我说我也想帮难师傅,可是问题是我什么也不懂,不知道该怎么帮,阿婆说她有法子,只是现在警局那边的人不让他家的人接触这件事,她也不想和那边拗,就通过我来做这事也好,从根源处把这事解决了,也只有这样才救得了难师傅。阿婆说即便她来做,最后还是要找到我来帮忙。
我问阿婆说那要我怎么做,阿婆说难师傅现在暂时还不会有生命危险,她担心的是难师傅他媳妇,他身上的那东西现在不在他身上,而是传染到了他媳妇身上,这假人事在我们这里最先出现的,他要在我家里做个招鬼的案台,把假人先招来。
听见又要招鬼,我有些心里发悚,只是阿婆安慰我说没有事的,她做这样一个案台不会影响到我,而且还能一并把我身上缠着的这东西也给一并驱了去,她说难师傅魂掉了,只有先驱了邪才叫得回来魂,要不总是没有用的。
既然阿婆是想一石二鸟,我又何乐而不为,只是经历过难师傅这件事之后,我小心了一些,我问阿婆说这样有把握吗,阿婆说让我相信她,她说难师傅本来就可以做好的,可是无奈的是他不知为什么被缠上了,要不按照他的那一套驱邪的法子,现在估计我已经家宅平安了,这件事怪就怪在金粉上。
我说为什么,阿婆说难师傅用的是木具驱邪的法子,可是偏偏加了金粉,金是克木的,无论难师傅事怎么说服我们加金粉可以驱邪的,但是在她看来这金粉都只有一个作用,就是用来破法的,所以难师傅弹得这些墨线,根本就起不到封禁那些东西的作用,既然封不住,后面做的功夫都是白用了,说白了就是糊弄下我们罢了。
我感叹说想不到附身的那东西还挺聪明的,可是阿婆说不单单是聪明,就怕不要是甚么恶灵亡魂才好,要真是那样,只怕这件事还有的忙。我听阿婆这么一说,心里头有些打鼓,嘴上说不会吧,阿婆说会不会只能等招了看看才知道。
她说今天肯定是不行了,她之所以今天来一是想征得我的同意帮忙,第二是很多事都是难师傅自己说的,她也没有亲自瞧见,所以来看个究竟,看看我家倒底是个甚么说法。我问说那看出来甚么没有,阿婆点点头,我于是有些急躁地问那是什么,哪知道阿婆却朝我微微摇了摇头,轻声说,现在还说不得,以免惊了惊不得的东西。
第八章半梦半醒
阿婆和我说,不单单是我家里,整栋楼都有一股阴森森的阴气,住在这种地方想要平安无事,首先要不去想,俗话说疑心易生暗鬼,我越是草木皆兵,一些疑心就越是会成真,我觉得阿婆临走时和我说的那句话特霸气,她说你心里坦坦荡荡,神鬼难近。
阿婆说的坦坦荡荡,并不是我们平常说的不做亏心事,半夜不怕鬼敲门那种,而是说当一个人什么都不怕,无欲无求的时候,就再也没有什么可以威胁到你了。只是我自认我还做不到,最起码我对生死就看不开,所以神鬼难近也只是可望而不可即罢了。

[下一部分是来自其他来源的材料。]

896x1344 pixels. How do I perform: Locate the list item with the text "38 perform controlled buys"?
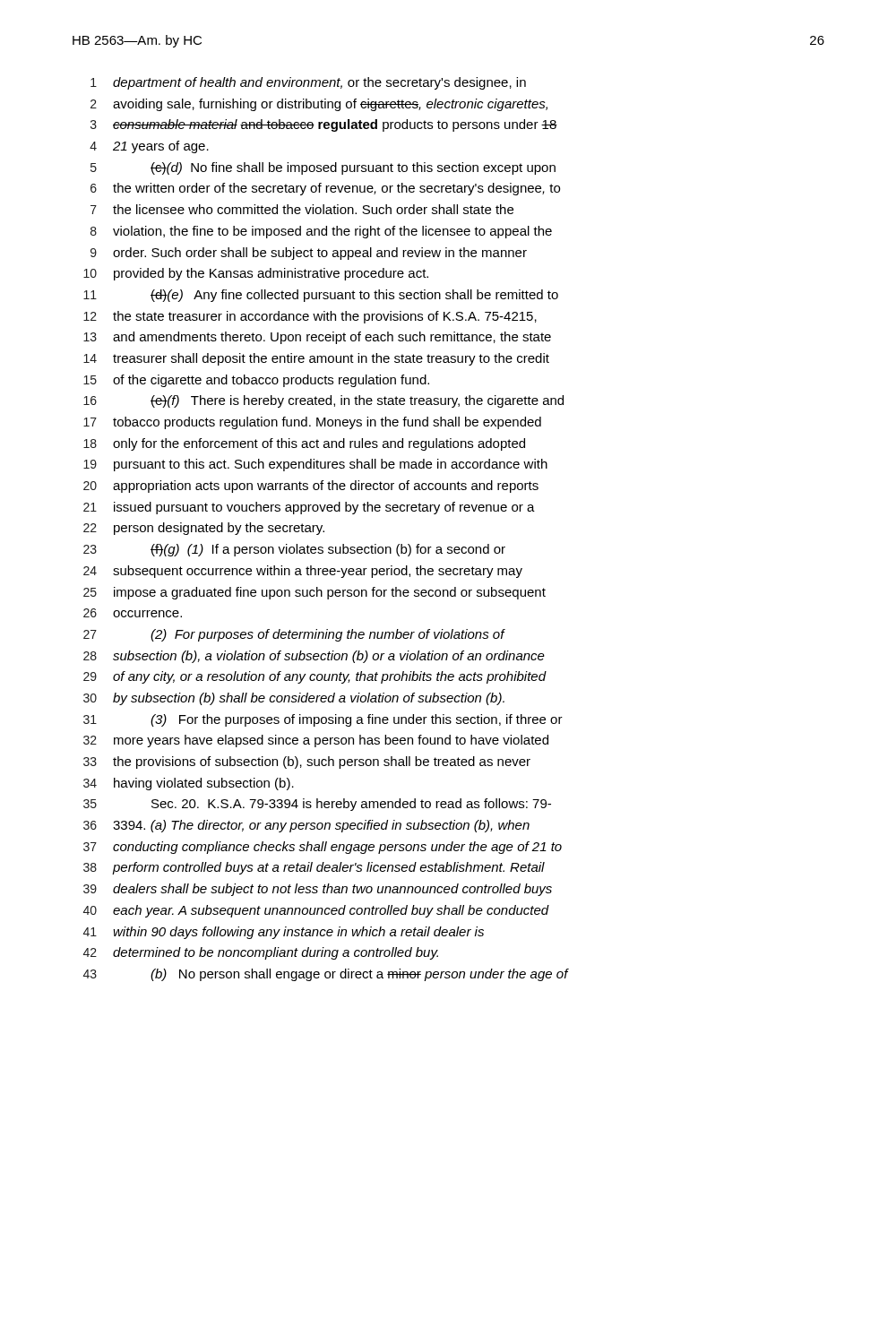click(x=448, y=868)
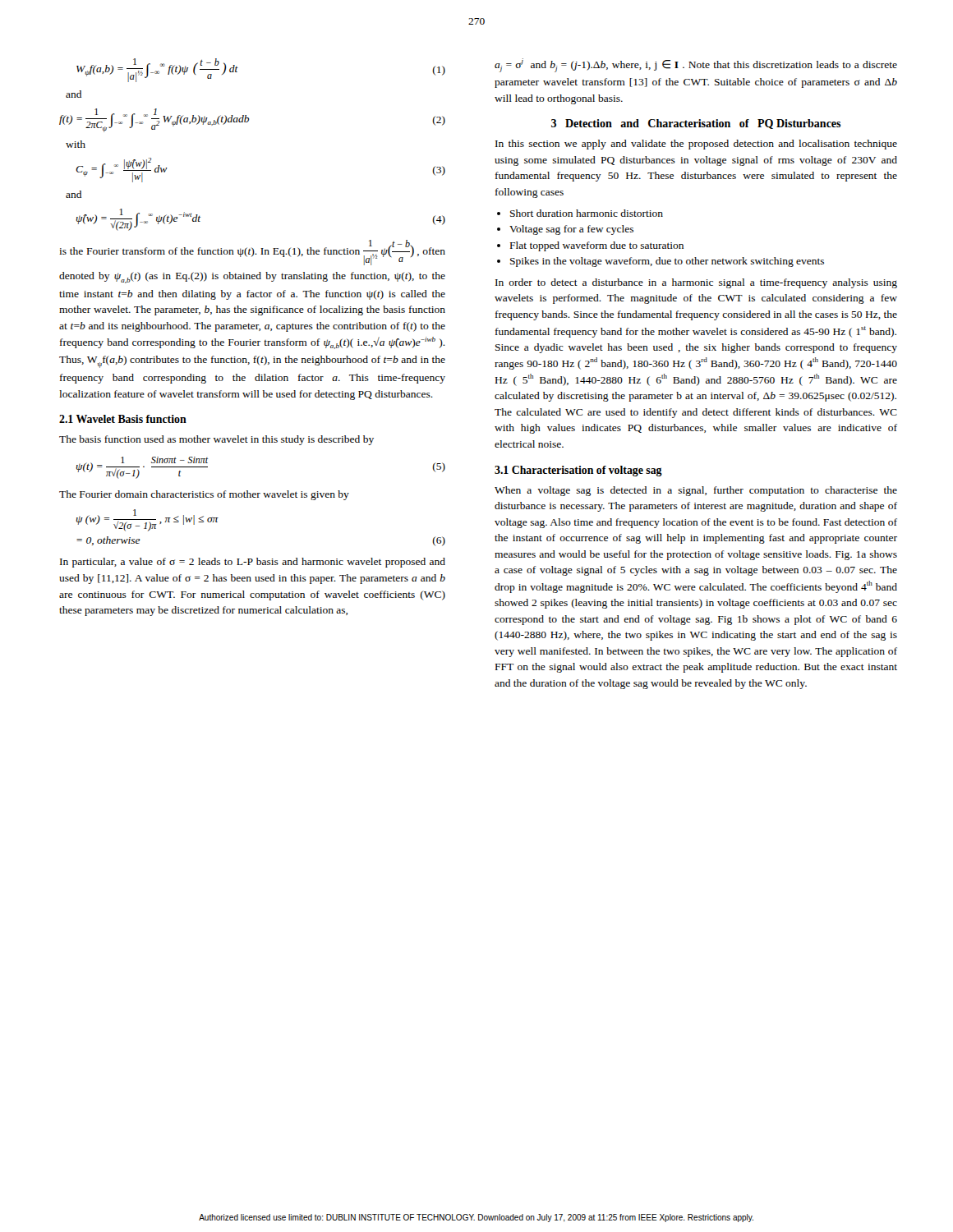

阿婆走了之后,我也不知道哪里来了一股莫名的勇气,好像家里也没有平时那么阴森了,我送她们走后回到家里,自始至终,茶几上的水他们一点没喝,我正打算拿起来去倒掉,却发现杯子上好像有什么东西,我看了看手,又用手捻了捻,像是一些灰,我觉得奇怪,我家里的被子都是放在专门的柜子里的,而且拿出来的时候我还检查过,绝对是干净的。
想到这里的时候,我于是把杯子放回原处,然后离茶几远了一些,接着我像是发现了什么一样地弯下身在地板上看了看,果真看见一双几乎不易察觉的脚印来,而且依旧带着那种灰烬,很像烧纸钱之后的纸灰。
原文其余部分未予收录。